COMPARING SEMANTIC AND MORPHOLOGICAL ANAL-OGY COMPLETION IN WORD EMBEDDINGS

Abstract

Word embeddings have prompted great excitement in the NLP community due to their capacity for generalization to unforeseen tasks, including semantic analogy completion. Features such as color and category relationships have been examined by previous work, but this is the first research considering the morphological relationships encoded in word embeddings. We construct several natural experiments examining analogy completion across word stems modified by affixes, and find no evidence that Word2Vec, glove, and fasttext models encode these morphological relationships. We note that a special case of this problem is part-of-speech transformation, and note that the lack of support for part-of-speech analogies is surprising in the context of other successful cases of semantic inference using word embeddings.

1. INTRODUCTION

Prior work (Fejzo et al., 2018) has shown that compounding morphological learning is key to language acquisition and literacy development in children.
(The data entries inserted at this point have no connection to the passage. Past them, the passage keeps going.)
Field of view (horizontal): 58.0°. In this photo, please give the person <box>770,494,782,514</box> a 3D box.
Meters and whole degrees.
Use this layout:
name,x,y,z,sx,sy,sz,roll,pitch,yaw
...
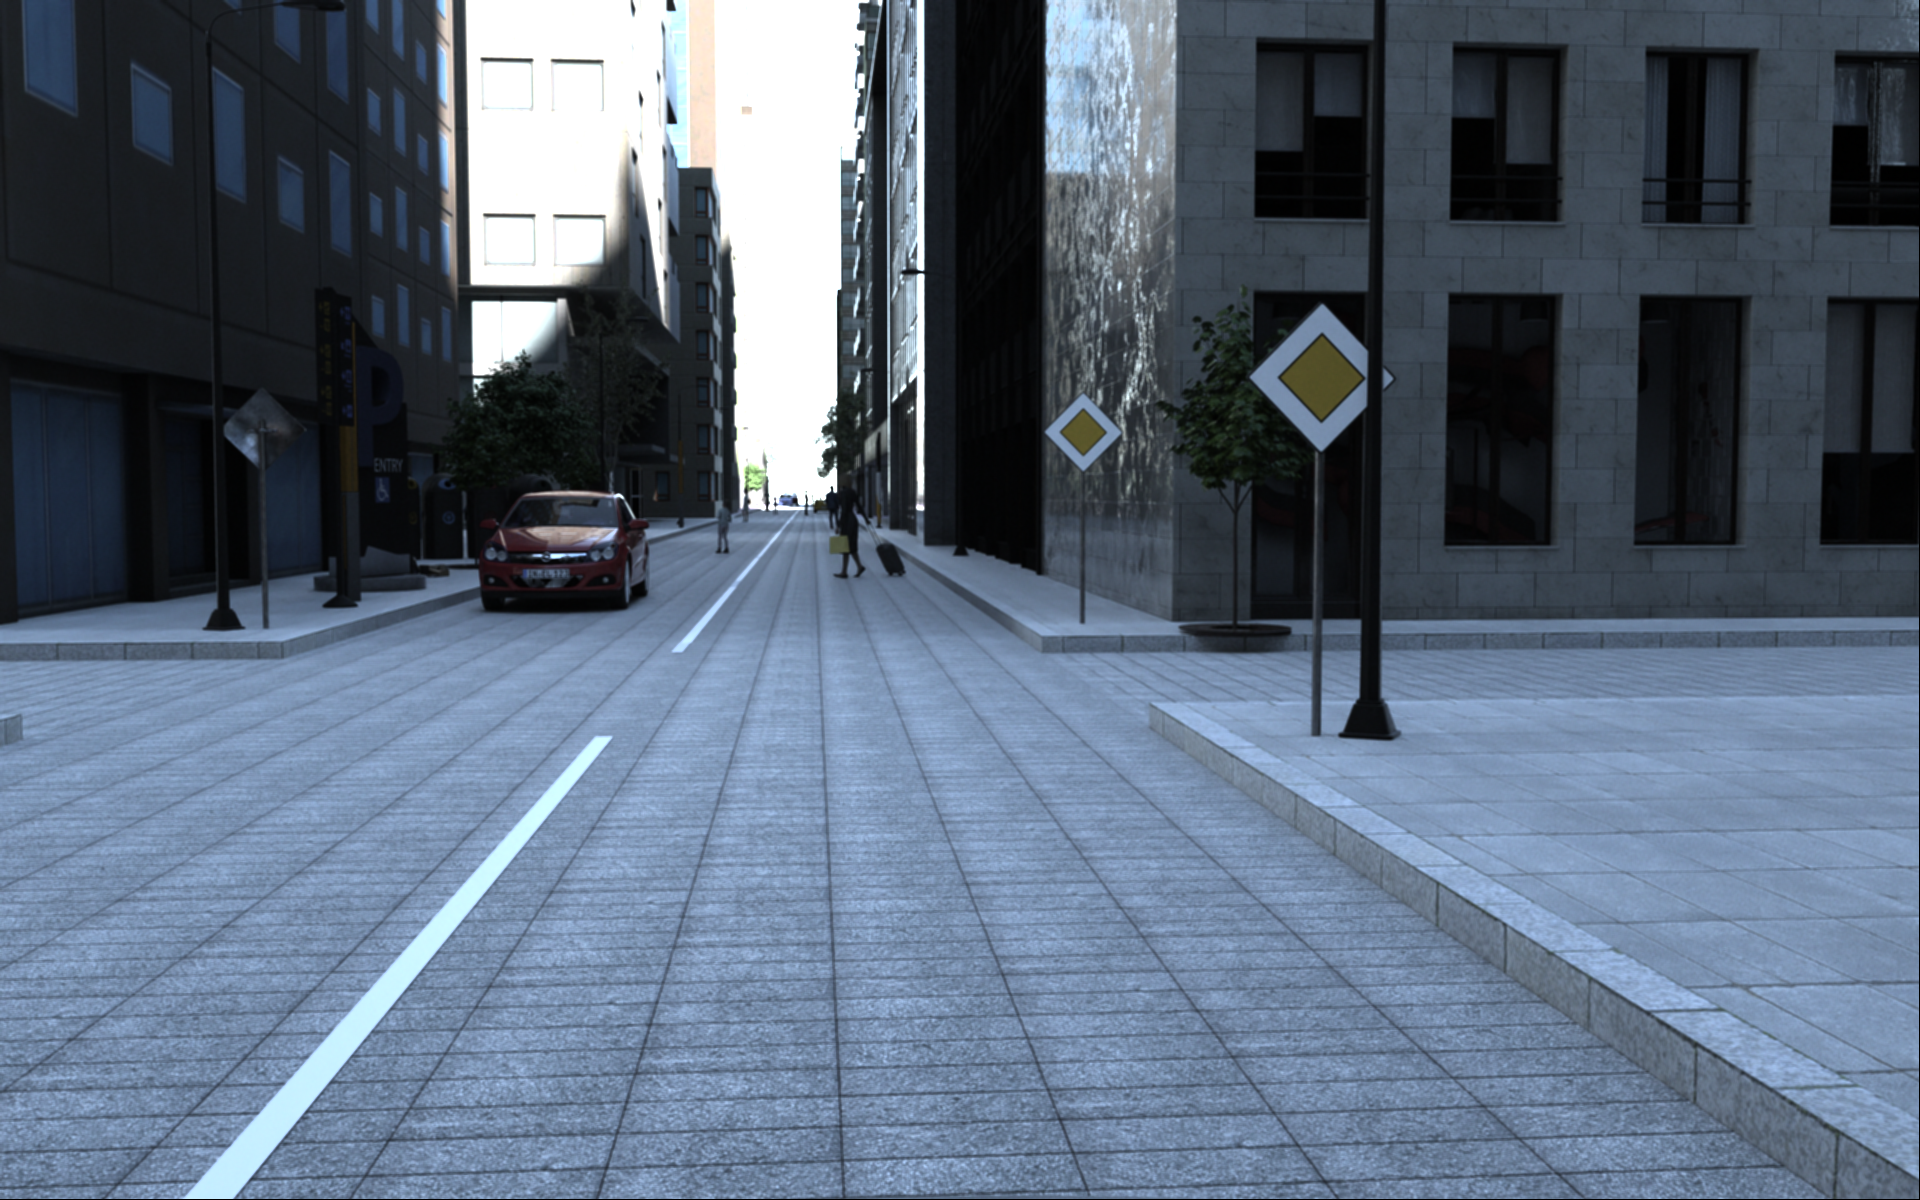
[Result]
name,x,y,z,sx,sy,sz,roll,pitch,yaw
person,-13.137,-6.834,123.458,0.991,1.433,0.599,-2,4,-34

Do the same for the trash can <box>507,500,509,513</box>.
name,x,y,z,sx,sy,sz,roll,pitch,yaw
trash can,-11.576,-1.934,43.272,0.748,1.137,0.748,0,3,0

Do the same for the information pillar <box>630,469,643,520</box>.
name,x,y,z,sx,sy,sz,roll,pitch,yaw
information pillar,-9.380,-2.800,50.270,0.304,2.012,0.304,0,4,2

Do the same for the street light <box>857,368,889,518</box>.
name,x,y,z,sx,sy,sz,roll,pitch,yaw
street light,-2.974,-5.600,64.104,1.470,5.913,1.316,0,4,-5

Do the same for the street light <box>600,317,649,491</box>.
name,x,y,z,sx,sy,sz,roll,pitch,yaw
street light,-8.883,-4.470,45.624,1.470,5.913,1.316,0,4,-5

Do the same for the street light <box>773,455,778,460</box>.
name,x,y,z,sx,sy,sz,roll,pitch,yaw
street light,-22.483,-14.124,203.473,1.470,5.913,1.316,0,4,-5

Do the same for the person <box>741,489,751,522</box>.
name,x,y,z,sx,sy,sz,roll,pitch,yaw
person,-11.018,-4.868,89.102,0.522,1.701,0.512,-1,4,-10

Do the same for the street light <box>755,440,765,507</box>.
name,x,y,z,sx,sy,sz,roll,pitch,yaw
street light,-17.650,-10.747,148.249,1.470,5.913,1.316,0,4,-5

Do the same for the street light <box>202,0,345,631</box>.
name,x,y,z,sx,sy,sz,roll,pitch,yaw
street light,-6.436,-2.675,16.273,1.470,5.913,1.316,0,4,-5

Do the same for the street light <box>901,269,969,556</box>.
name,x,y,z,sx,sy,sz,roll,pitch,yaw
street light,-0.523,-3.874,35.886,1.470,5.913,1.316,0,4,-5

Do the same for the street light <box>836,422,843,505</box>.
name,x,y,z,sx,sy,sz,roll,pitch,yaw
street light,-7.083,-8.507,111.631,1.470,5.913,1.316,0,4,-5

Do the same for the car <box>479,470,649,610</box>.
name,x,y,z,sx,sy,sz,roll,pitch,yaw
car,-5.150,-0.844,22.846,2.155,1.783,4.494,0,4,-5

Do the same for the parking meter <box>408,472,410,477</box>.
name,x,y,z,sx,sy,sz,roll,pitch,yaw
parking meter,-12.778,-2.077,39.667,0.399,1.863,0.255,0,4,4

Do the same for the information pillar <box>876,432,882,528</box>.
name,x,y,z,sx,sy,sz,roll,pitch,yaw
information pillar,-3.086,-4.539,65.563,0.183,3.616,0.504,-1,4,-13

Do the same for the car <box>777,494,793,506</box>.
name,x,y,z,sx,sy,sz,roll,pitch,yaw
car,-20.675,-11.944,204.878,1.945,1.707,3.694,0,4,-5

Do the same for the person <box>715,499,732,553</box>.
name,x,y,z,sx,sy,sz,roll,pitch,yaw
person,-5.754,-1.787,41.996,0.394,1.301,0.425,2,4,35

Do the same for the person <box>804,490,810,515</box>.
name,x,y,z,sx,sy,sz,roll,pitch,yaw
person,-10.242,-6.554,116.360,0.721,1.736,1.217,0,4,7

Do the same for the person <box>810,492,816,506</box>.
name,x,y,z,sx,sy,sz,roll,pitch,yaw
person,-17.126,-11.775,201.837,0.721,1.723,1.217,-3,4,-37

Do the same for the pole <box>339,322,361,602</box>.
name,x,y,z,sx,sy,sz,roll,pitch,yaw
pole,-7.276,-1.637,20.610,0.158,3.312,0.155,0,3,0

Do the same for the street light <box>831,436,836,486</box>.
name,x,y,z,sx,sy,sz,roll,pitch,yaw
street light,-9.478,-10.221,139.647,1.470,5.913,1.316,0,4,-5

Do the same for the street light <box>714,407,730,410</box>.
name,x,y,z,sx,sy,sz,roll,pitch,yaw
street light,-13.015,-7.355,92.796,1.470,5.913,1.316,0,4,-5

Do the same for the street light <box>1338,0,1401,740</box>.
name,x,y,z,sx,sy,sz,roll,pitch,yaw
street light,1.635,-2.228,8.972,1.470,5.913,1.316,0,4,-5

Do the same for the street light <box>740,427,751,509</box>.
name,x,y,z,sx,sy,sz,roll,pitch,yaw
street light,-15.376,-9.056,120.607,1.470,5.913,1.316,0,4,-5

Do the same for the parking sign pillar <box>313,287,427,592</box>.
name,x,y,z,sx,sy,sz,roll,pitch,yaw
parking sign pillar,-7.948,-2.127,23.249,1.447,3.967,1.447,1,4,14

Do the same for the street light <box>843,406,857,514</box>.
name,x,y,z,sx,sy,sz,roll,pitch,yaw
street light,-5.306,-7.290,91.740,1.470,5.913,1.316,0,4,-5

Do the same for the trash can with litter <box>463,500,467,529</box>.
name,x,y,z,sx,sy,sz,roll,pitch,yaw
trash can with litter,-12.146,-2.013,44.304,1.055,1.170,0.624,-2,4,-28

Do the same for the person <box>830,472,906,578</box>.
name,x,y,z,sx,sy,sz,roll,pitch,yaw
person,-1.614,-1.295,29.892,1.509,1.804,0.699,-2,4,-32

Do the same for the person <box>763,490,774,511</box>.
name,x,y,z,sx,sy,sz,roll,pitch,yaw
person,-16.157,-8.369,145.420,1.350,1.814,0.705,3,5,42

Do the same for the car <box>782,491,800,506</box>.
name,x,y,z,sx,sy,sz,roll,pitch,yaw
car,-20.541,-12.296,209.709,2.281,1.827,5.304,0,4,-4

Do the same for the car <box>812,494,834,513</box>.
name,x,y,z,sx,sy,sz,roll,pitch,yaw
car,-10.332,-7.485,132.598,2.015,1.641,3.980,0,4,-4

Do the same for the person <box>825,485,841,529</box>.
name,x,y,z,sx,sy,sz,roll,pitch,yaw
person,-5.261,-3.867,71.911,0.721,1.800,0.419,1,4,18

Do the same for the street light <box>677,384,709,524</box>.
name,x,y,z,sx,sy,sz,roll,pitch,yaw
street light,-11.311,-6.163,73.303,1.470,5.913,1.316,0,4,-5

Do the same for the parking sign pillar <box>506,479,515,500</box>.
name,x,y,z,sx,sy,sz,roll,pitch,yaw
parking sign pillar,-15.498,-4.227,57.584,1.447,3.967,1.447,0,4,6

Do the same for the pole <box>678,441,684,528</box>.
name,x,y,z,sx,sy,sz,roll,pitch,yaw
pole,-10.641,-4.416,66.043,0.158,3.312,0.155,0,3,0

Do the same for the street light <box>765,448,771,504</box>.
name,x,y,z,sx,sy,sz,roll,pitch,yaw
street light,-20.054,-12.431,175.784,1.470,5.913,1.316,0,4,-5

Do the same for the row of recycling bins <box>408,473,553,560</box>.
name,x,y,z,sx,sy,sz,roll,pitch,yaw
row of recycling bins,-9.876,-1.674,34.476,3.534,1.692,1.069,-2,4,-34

When we learn a new language, we are able to quickly memorize known words and derive unknown words through our knowledge of root words and morphological features. This ability enables language learners to efficiently and accurately comprehend the meanings of enormous words, but can computers do the same? This introduction reviews prevailing approaches to modeling semantic relationships between words, as well as some prior work on morphological and analogical analysis. Then, methods for quantifying the ability for word embeddings to represent semantic morphological features are proposed in the form of analogy-completion tasks. Experiments are run on three common word embeddings and results are summarized.

1.1. PRIOR WORK

Early popular methods for Natural Language Processing (NLP) relied on simplistic models trained over large datasets, such as the N-gram for statistical language modeling. However, although such models outperform many more sophisticated counterparts, a limitation is the size of obtainable data for training, which impedes accurate representations over a large corpus of words. As the corpus size increases, the computational resources required to handle the learning with this simplistic architecture also accumulate.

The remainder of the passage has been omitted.